O episódio da “madalena” em “Du côté
de chez Swann” é o mais emblemático exemplo daquilo que está na base de toda a
monumental “À la Recherche
du Temps Perdu”, a saber, a digressão por recordações desencadeadas (e
encadeadas) involuntariamente por emoções e sentimentos, essa “memória
relacional” já várias vezes evocada neste blog.
Recordar-se-ão que é pelo sabor de um
pequeno pedaço de um bolo “madalena” ensopado em chá que Marcel Proust leva à boca, que, subitamente, se lhe “revela”
uma recordação que nunca mais aparecera no seu consciente, enterrada que estava
por outras memórias só aparentemente mais nítidas e põe em movimento as emoções que virão a ser a "Recherche".
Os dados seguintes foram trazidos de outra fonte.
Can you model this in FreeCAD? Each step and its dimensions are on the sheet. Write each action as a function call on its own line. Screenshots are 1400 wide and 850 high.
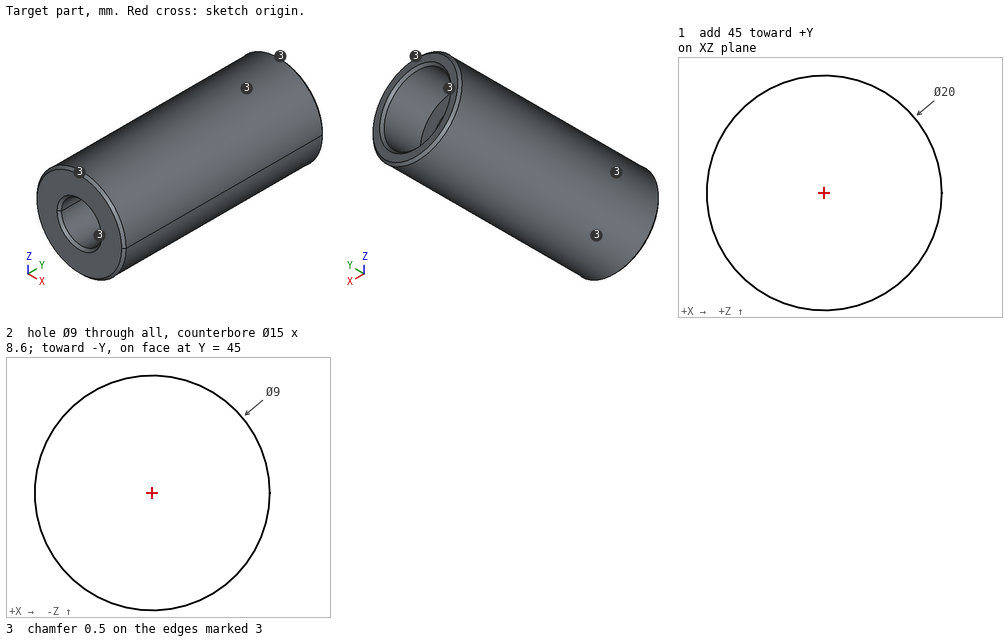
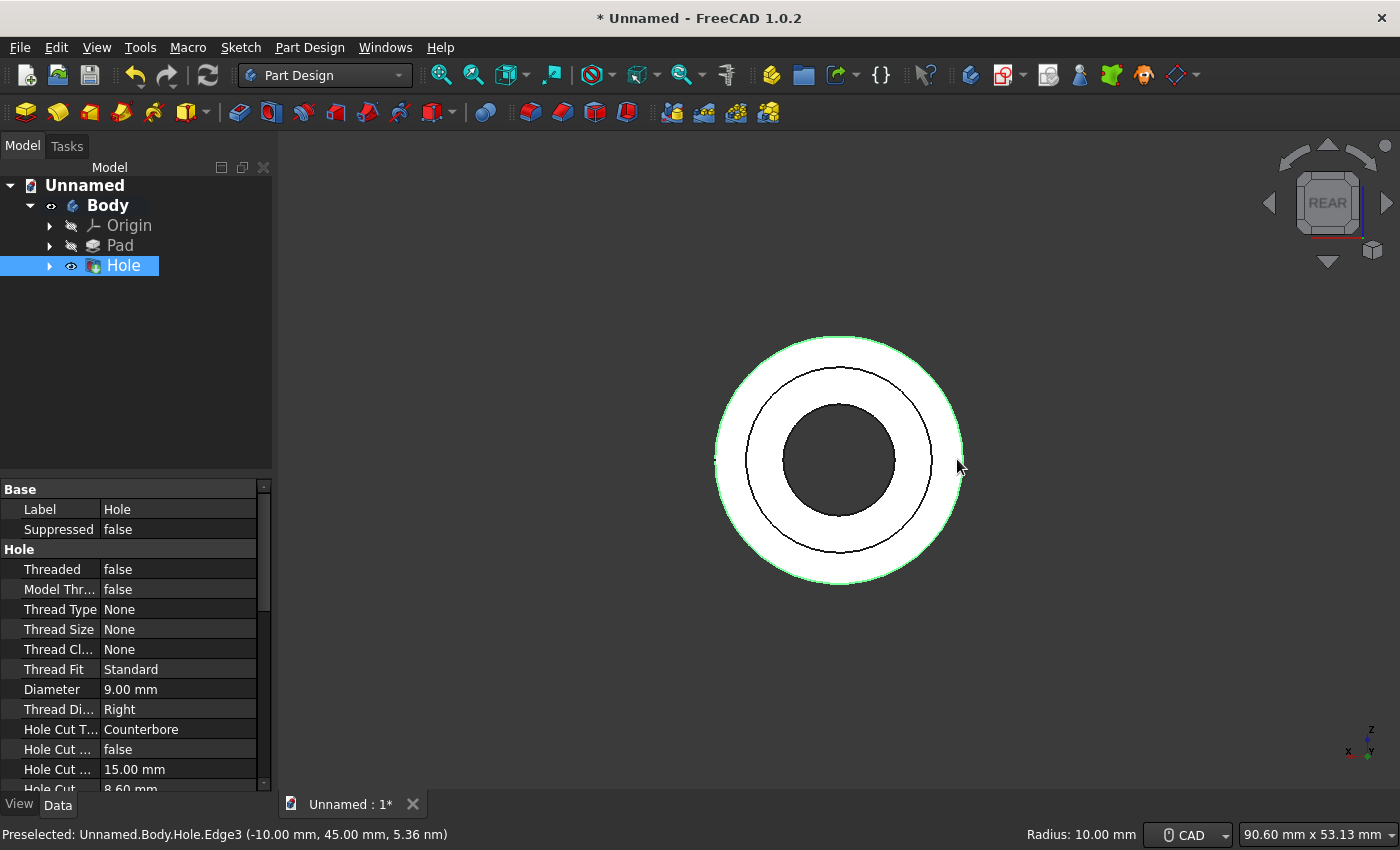
click(746, 459, ctrl)

Na verdade, todos temos várias
“madalenas” - sabores, cores, sons, imagens, odores – que têm esse mágico poder
de reconstituir pedaços de vida anterior completos, por vezes incluindo mesmo a
sensação geral de bem ou mal-estar.
A minha “madalena” mais evidente é
o cheiro de alguns tipos de terra molhada pela chuva.
Pelo que sei, esse cheiro é
tantas vezes referido em escritos, conversas ou memórias de pessoas que,
outrora, estiveram em África que ele deve, de tão recorrente, ser uma “madalena” quase universal.
Lembro-me de que, há quase vinte
anos, recém chegado ao Brasil (que me acolheu, dessa vez, por quase cinco anos),
fiz uma viagem pelo interior de Goiás; tinha chovido e o cheiro daquela terra argilosa,
encarnada e visivelmente fértil, “atirou-me” imediatamente para Moçambique e
para a minha infância. De repente, a paisagem pareceu mudar e vi coisas que
antes não tinha visto: vegetação tropical, bananeiras, palmeiras, mangueiras,
gente de pele tisnada andando na berma da estrada, cães escanzelados a
acompanhar, correndo e ladrando, o automóvel.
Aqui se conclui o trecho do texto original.